Grayson nodded, "Yes, you did. The coordinates to the Irish passage. And, as a result, and now that you're here, I feel you're owed the whole story."
To Connie's surprise, Grayson spoke seemingly candidly and at length. Beginning with how, a number of years ago, when his father visited his gold refinery in Dublin, the manager showed him an unusually large nugget they recently purchased. A young woman had brought it in. Said she'd inherited it from her grandfather who had prospected in Australia as a young man. She had papers and ID so that it all seemed legit.
Yet when Grayson's father held the nugget and looked at it closely, he sensed something different about it. He told the manager to hold off refining it and took a few grams to a specialized lab for a detailed analysis.
"The results were – confounding - to say the least."
"It was stolen?"
"He wondered about that. The lab results matched nothing from any current gold mining operations. But my father also has an extensive collection of gold artifacts. Which he's had analysed over the years. What the nugget did match was the gold found in his most precious piece, a Bronze Age lunula found in a peat bog in Ireland."
"A lunula? Isn't that a necklace?"
"Yes, shaped like a crescent moon." Grayson gestured the form of it around his neck with his fingers. "It predates even the Celts."
"That must be worth a pretty penny."
"Priceless"
"Shouldn't that be in a museum?"
Grayson sighed, "It will. Some day."
"And the match was confounding because..."
"Easily mined gold resources in Ireland were exhausted long, long ago. The likelihood of a sizable nugget hanging around and then blithely being cashed in? Impossible. And the woman cashing it in lied about its source. At the time, I was finishing my archaeology PhD. - Yes, Connie, I am legitimately an archaeologist. And my father had me research prehistoric gold mines in Ireland, at least what is known."
"And you came upon Findley."
"Yes. I came upon Findley. Who, with his expertise on pre-Celtic peoples, was knowledgeable about every known ancient gold mining site in Ireland, including some only vaguely hinted at in ancient texts and legends."
"But he wouldn't have known the young woman with the nugget."
"We thought it was maybe someone on one of his digs. Of course, I didn't find her." He smirked. "Well, not until I came to Dahria. Anyway, I got caught up in Findley's fervour about the legends of a passage to a hidden world. Though we uncovered some interesting artifacts, it all was seeming to come to nothing at the same time Findley began...unravelling...as you put it. We thought that was that. Except. Except old Findley kept making claims he'd figured it out."
Connie frowned, "My Mother's journal. That you took. I think Findley planned to finally give to me. And then when he reread it, he twigged on the signaling I did when I was younger. But he didn't figure it all out. About Dahria and everything."

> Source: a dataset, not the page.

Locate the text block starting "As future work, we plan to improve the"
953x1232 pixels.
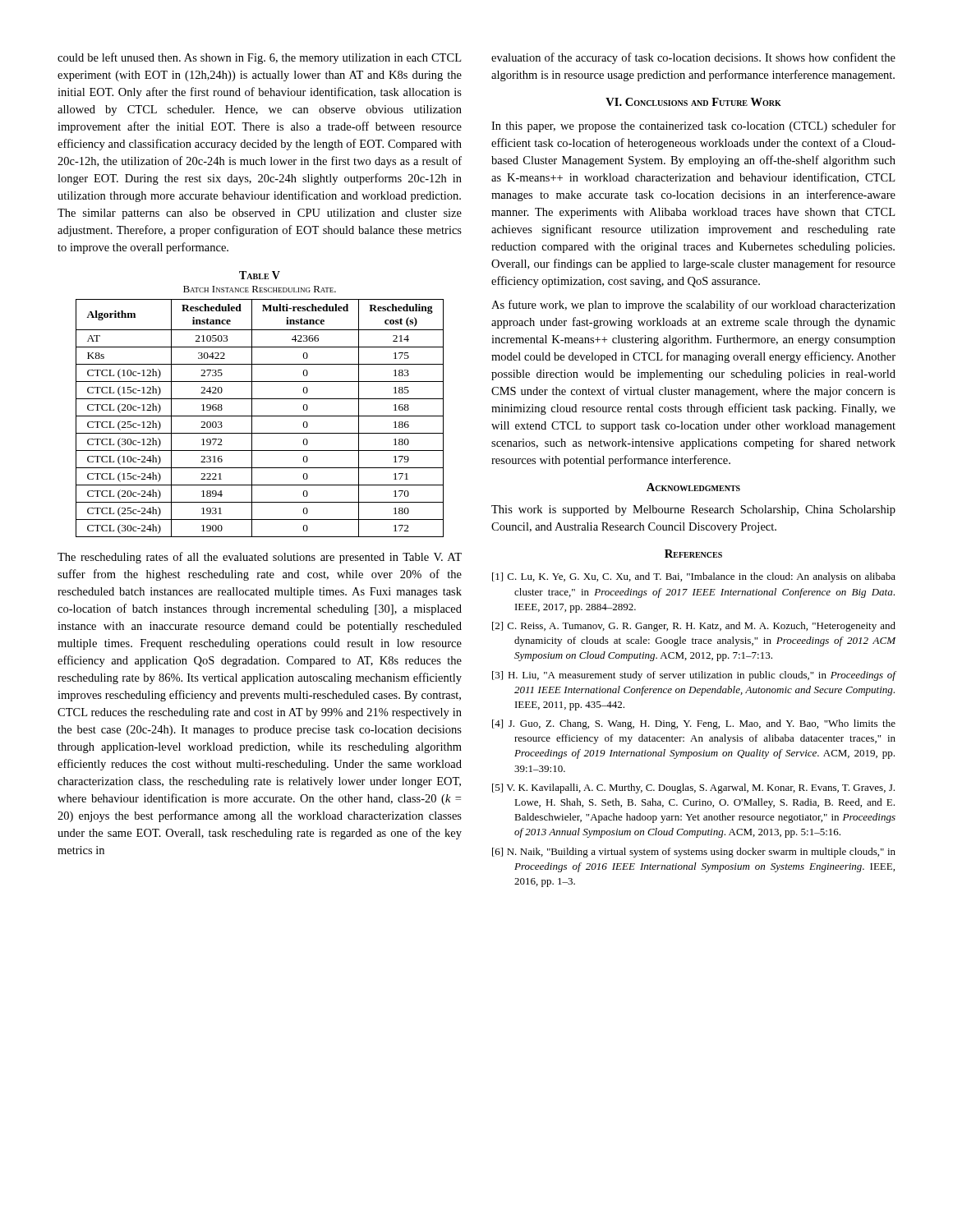coord(693,383)
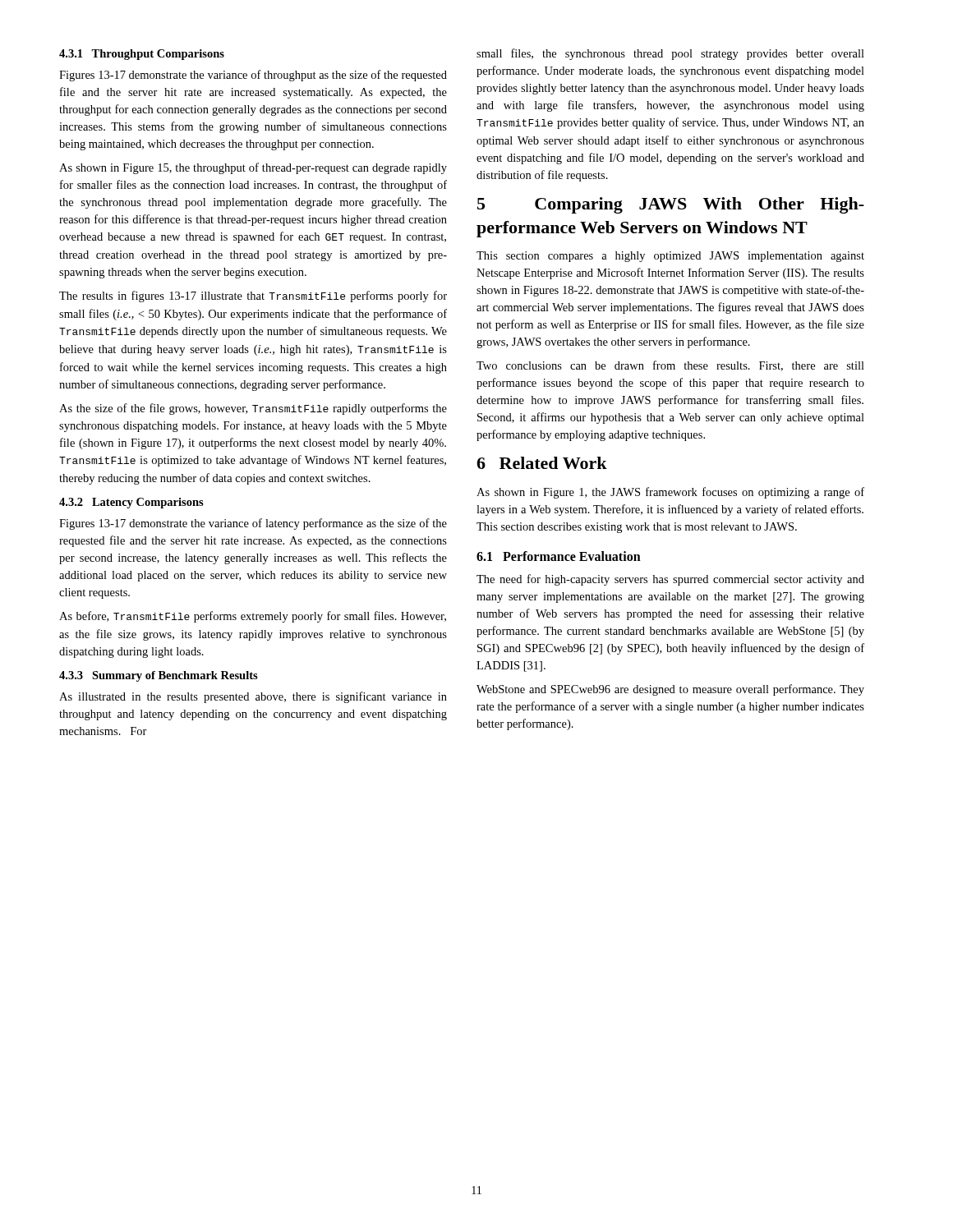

Grayson said, "No, but enough to know there was some peculiar connection between you and your mysterious biological father and the mysterious place he came from. What I still don't understand, after all the time we spent together, why he didn't tell me what he'd discovered."
"I don't know. Anyway, it doesn't matter now. I led you right to the passage."
"And that's what we want to talk to you about." Another familiar voice spoke behind Connie.
She started and turned around. James stood behind her.